**Excerpted data:**
________________________

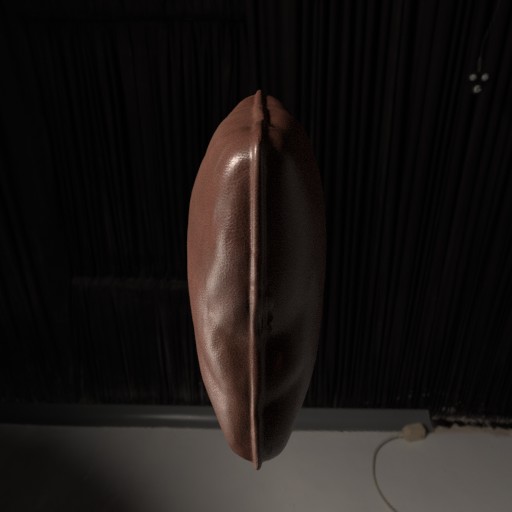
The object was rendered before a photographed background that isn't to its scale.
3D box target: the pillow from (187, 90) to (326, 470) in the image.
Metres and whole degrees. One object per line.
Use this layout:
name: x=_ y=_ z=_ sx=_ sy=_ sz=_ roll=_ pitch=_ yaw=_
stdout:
pillow: x=0.000 y=0.000 z=0.802 sx=0.236 sy=0.523 sz=0.532 roll=0 pitch=26 yaw=1
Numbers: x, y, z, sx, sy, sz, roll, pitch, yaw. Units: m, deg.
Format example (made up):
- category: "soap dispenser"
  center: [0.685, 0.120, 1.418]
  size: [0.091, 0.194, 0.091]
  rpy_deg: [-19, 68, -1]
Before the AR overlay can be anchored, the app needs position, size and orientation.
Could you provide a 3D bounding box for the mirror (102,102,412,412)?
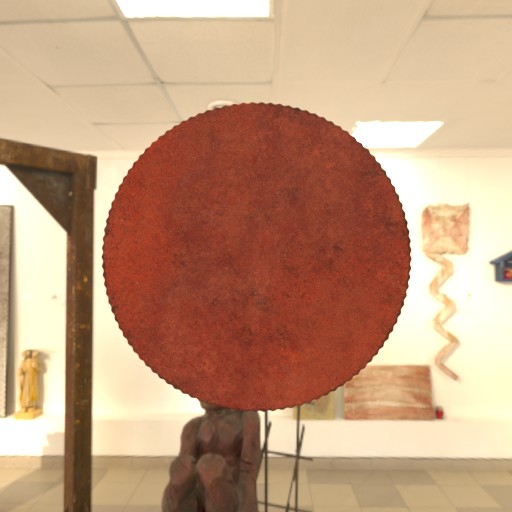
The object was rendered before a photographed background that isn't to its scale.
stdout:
- category: "mirror"
  center: [0.000, 0.000, 0.896]
  size: [0.609, 0.609, 0.056]
  rpy_deg: [0, -1, 1]
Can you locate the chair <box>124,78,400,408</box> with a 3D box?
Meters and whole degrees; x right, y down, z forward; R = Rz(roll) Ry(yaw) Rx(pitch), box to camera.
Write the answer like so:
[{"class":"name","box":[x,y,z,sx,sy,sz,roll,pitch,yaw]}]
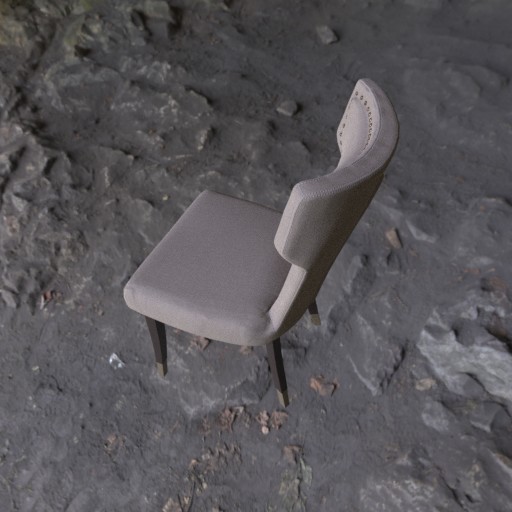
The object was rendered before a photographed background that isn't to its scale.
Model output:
[{"class":"chair","box":[0.000,0.000,1.325,0.630,0.955,0.526,17,49,16]}]
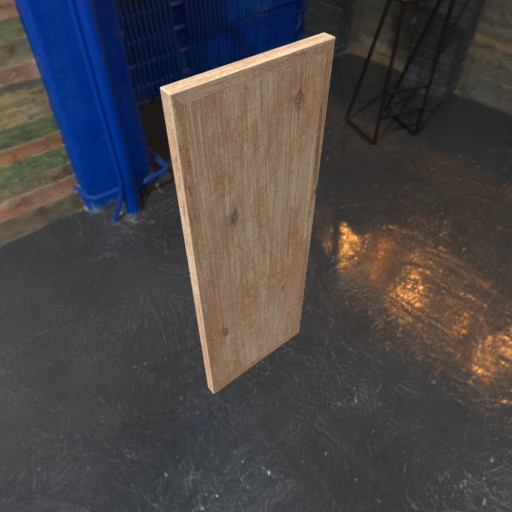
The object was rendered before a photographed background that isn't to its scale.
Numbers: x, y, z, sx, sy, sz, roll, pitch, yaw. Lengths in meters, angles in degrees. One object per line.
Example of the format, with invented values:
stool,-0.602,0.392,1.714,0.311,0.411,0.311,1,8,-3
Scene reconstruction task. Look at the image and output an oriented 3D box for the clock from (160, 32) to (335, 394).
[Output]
clock,0.000,0.000,1.103,0.361,0.965,0.030,-31,53,-26
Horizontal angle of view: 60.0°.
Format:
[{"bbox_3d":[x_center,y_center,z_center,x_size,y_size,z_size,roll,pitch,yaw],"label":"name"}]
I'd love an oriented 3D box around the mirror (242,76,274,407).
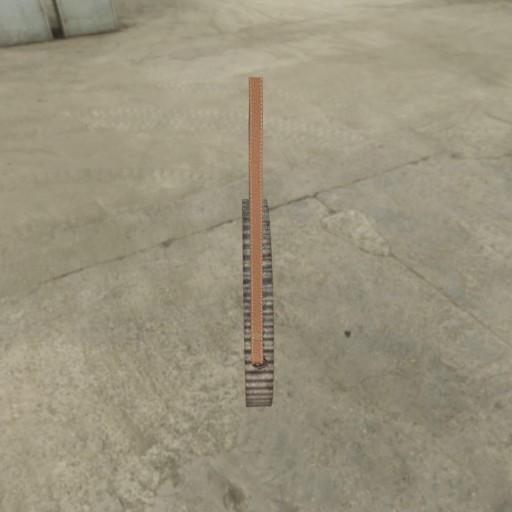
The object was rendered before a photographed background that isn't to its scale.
[{"bbox_3d":[0.000,0.000,0.710,0.042,0.568,0.355,-1,42,-1],"label":"mirror"}]
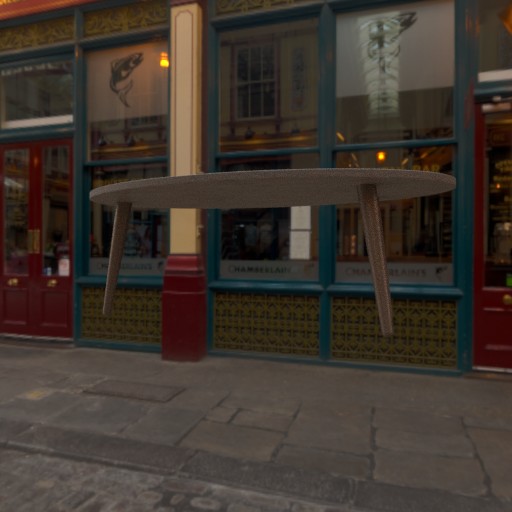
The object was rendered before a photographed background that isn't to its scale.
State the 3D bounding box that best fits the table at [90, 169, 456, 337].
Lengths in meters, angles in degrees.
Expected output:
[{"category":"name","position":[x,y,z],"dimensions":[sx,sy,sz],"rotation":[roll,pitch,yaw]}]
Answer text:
[{"category":"table","position":[0.000,0.000,1.307],"dimensions":[1.083,0.390,0.542],"rotation":[0,-1,17]}]
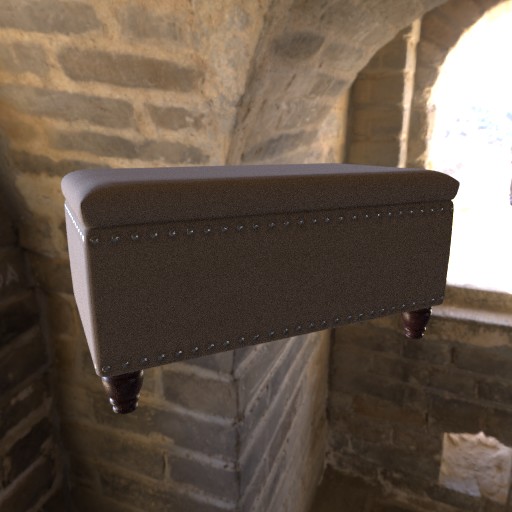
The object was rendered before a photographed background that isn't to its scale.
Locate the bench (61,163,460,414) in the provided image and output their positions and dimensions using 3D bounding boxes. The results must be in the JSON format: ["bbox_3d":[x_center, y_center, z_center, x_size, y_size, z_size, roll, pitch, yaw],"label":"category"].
[{"bbox_3d":[0.000,0.000,1.167,0.887,0.449,0.500,-7,16,-25],"label":"bench"}]
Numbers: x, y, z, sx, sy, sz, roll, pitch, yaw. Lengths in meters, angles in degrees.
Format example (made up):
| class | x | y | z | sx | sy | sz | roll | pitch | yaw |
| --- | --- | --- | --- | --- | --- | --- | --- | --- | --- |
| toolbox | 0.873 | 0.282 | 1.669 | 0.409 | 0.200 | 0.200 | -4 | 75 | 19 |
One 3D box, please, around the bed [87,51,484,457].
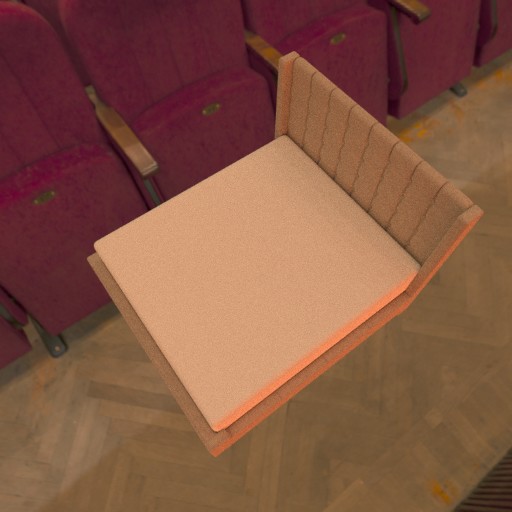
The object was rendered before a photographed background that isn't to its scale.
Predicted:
| class | x | y | z | sx | sy | sz | roll | pitch | yaw |
| --- | --- | --- | --- | --- | --- | --- | --- | --- | --- |
| bed | 0.000 | 0.000 | 3.791 | 2.370 | 1.743 | 2.045 | -33 | 67 | -16 |
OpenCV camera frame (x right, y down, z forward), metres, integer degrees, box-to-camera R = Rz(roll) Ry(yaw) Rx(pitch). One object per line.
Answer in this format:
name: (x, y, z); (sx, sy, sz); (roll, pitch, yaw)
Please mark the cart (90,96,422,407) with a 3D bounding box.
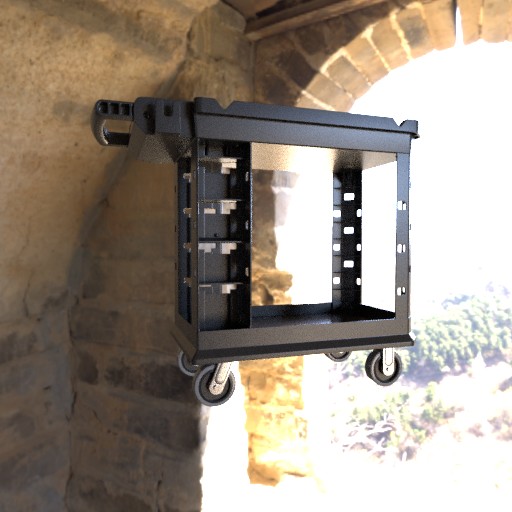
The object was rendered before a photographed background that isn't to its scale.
cart: (0.000, 0.000, 1.529); (1.061, 0.884, 0.497); (-1, 2, -18)
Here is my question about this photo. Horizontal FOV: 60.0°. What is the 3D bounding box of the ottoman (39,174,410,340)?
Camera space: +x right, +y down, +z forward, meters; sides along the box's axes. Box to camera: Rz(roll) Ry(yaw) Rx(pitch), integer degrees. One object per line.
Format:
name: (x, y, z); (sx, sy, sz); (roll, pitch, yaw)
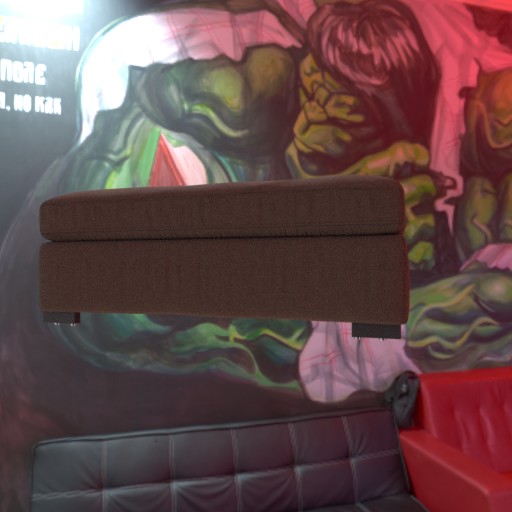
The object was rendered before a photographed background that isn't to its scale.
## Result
ottoman: (0.000, 0.000, 1.842); (1.181, 0.470, 1.181); (0, -1, 17)
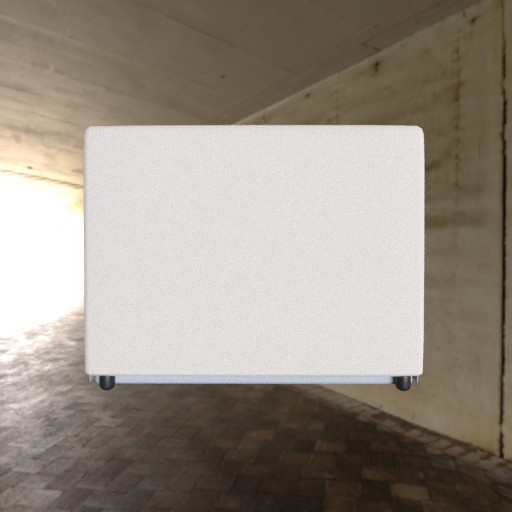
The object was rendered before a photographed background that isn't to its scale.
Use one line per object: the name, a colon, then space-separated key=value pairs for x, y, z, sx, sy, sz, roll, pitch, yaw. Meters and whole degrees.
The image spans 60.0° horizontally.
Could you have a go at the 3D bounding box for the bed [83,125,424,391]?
bed: x=0.000 y=0.000 z=3.231 sx=1.748 sy=1.330 sz=2.142 roll=0 pitch=1 yaw=0
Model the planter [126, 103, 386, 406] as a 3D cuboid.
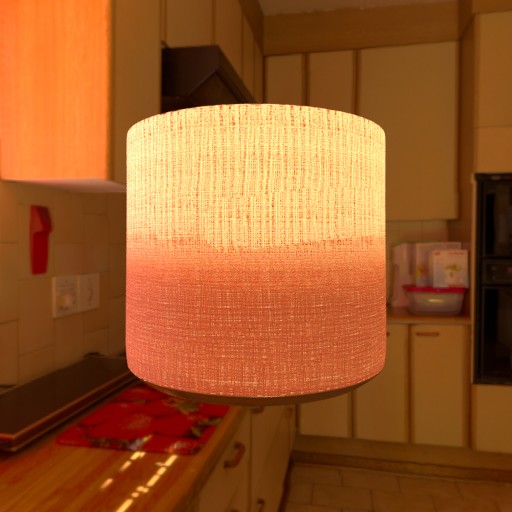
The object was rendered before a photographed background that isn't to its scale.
[{"bbox_3d":[0.000,0.000,0.390,0.221,0.201,0.221,0,2,0],"label":"planter"}]
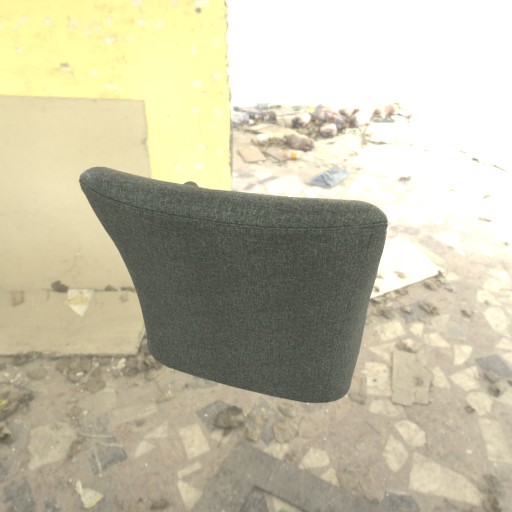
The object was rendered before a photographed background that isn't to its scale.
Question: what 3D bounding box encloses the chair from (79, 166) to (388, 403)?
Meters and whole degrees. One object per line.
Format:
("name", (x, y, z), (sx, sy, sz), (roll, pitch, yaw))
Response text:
("chair", (0.000, 0.000, 1.604), (0.864, 0.856, 0.923), (10, 34, 15))
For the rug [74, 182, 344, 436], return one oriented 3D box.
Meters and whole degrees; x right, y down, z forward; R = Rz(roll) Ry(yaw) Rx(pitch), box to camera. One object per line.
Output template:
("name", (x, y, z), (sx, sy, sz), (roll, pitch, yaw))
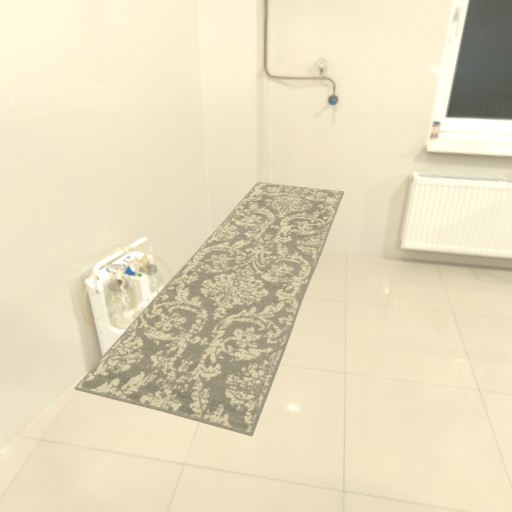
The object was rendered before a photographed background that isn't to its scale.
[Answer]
("rug", (0.000, 0.000, 2.388), (0.662, 0.011, 2.196), (9, 31, 15))
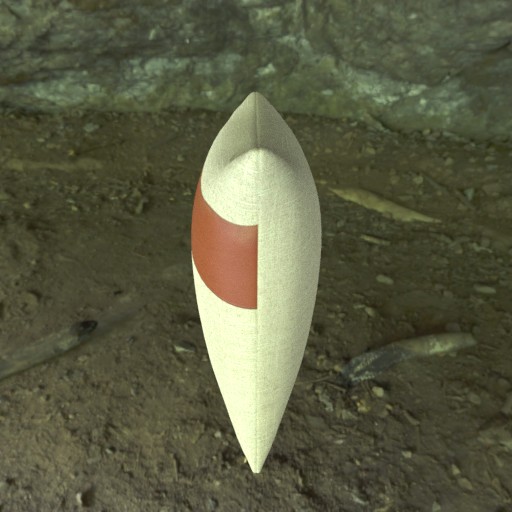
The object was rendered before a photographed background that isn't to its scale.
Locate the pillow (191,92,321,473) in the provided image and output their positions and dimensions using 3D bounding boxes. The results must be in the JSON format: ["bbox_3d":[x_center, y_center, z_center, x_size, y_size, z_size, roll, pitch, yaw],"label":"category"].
[{"bbox_3d":[0.000,0.000,0.631,0.173,0.399,0.414,0,27,0],"label":"pillow"}]
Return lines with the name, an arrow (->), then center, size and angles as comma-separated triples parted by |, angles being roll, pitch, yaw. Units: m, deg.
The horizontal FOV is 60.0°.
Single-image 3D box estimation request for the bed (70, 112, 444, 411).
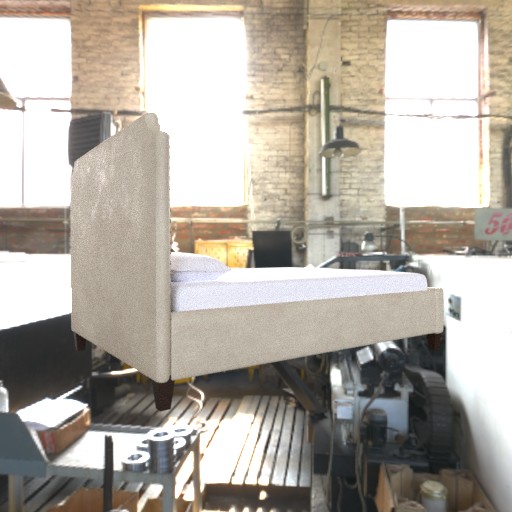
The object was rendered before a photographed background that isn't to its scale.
bed -> 0.000, 0.000, 3.404 | 2.372, 1.443, 1.712 | 0, 1, -35
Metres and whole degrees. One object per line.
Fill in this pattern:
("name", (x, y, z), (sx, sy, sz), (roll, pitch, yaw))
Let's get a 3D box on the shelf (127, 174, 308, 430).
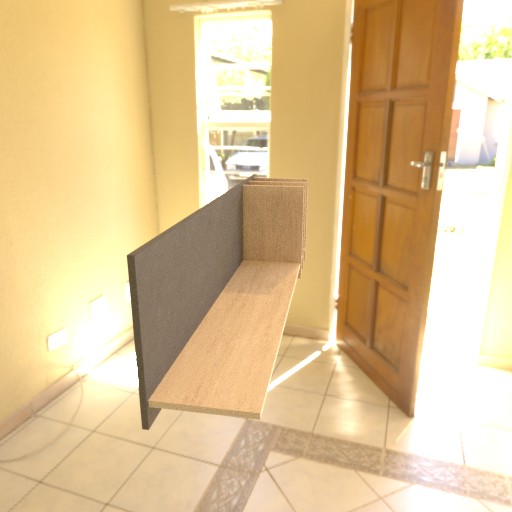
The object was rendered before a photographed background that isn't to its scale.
("shelf", (0.000, 0.000, 1.148), (0.200, 0.300, 1.020), (3, 17, 10))
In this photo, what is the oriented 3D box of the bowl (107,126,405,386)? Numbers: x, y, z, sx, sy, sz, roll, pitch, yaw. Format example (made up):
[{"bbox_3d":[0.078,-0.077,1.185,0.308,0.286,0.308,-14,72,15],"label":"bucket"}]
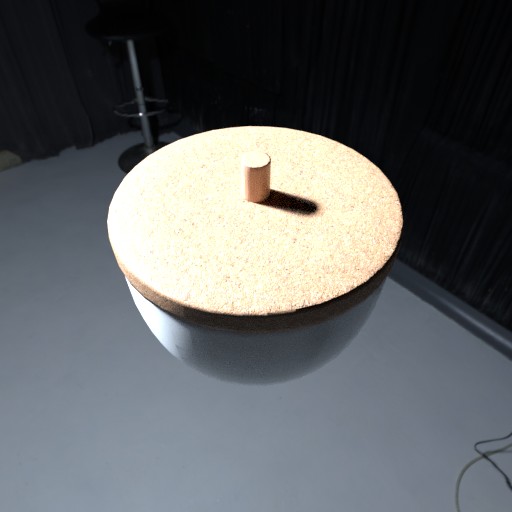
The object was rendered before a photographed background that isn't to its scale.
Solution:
[{"bbox_3d":[0.000,0.000,0.217,0.126,0.110,0.126,0,45,0],"label":"bowl"}]
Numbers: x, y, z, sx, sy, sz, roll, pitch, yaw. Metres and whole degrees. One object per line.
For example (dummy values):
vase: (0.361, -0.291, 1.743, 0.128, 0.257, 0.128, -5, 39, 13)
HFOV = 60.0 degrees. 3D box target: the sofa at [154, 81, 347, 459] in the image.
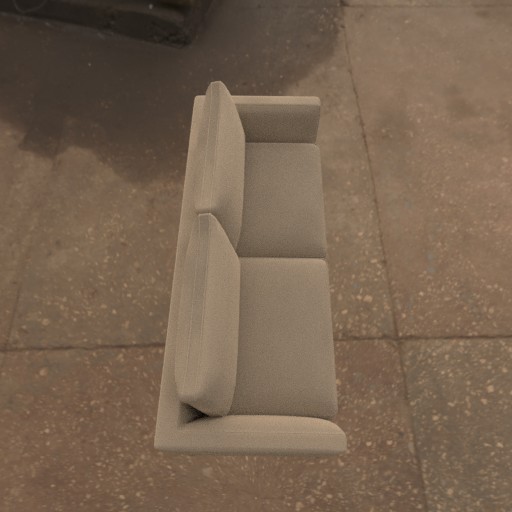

________________________

Copy out every line of the material above that contains the string "separated".

Use one line per object: the name, a colon, then space-separated key=value pairs for x, y, z, sx, sy, sz, roll, pitch, yaw. Meters and whole degrees.
Return lines with the name, an arrow (->), then center, size and angles as comma-separated triples parted by |, angles being roll, pitch, yaw. Units: m, deg.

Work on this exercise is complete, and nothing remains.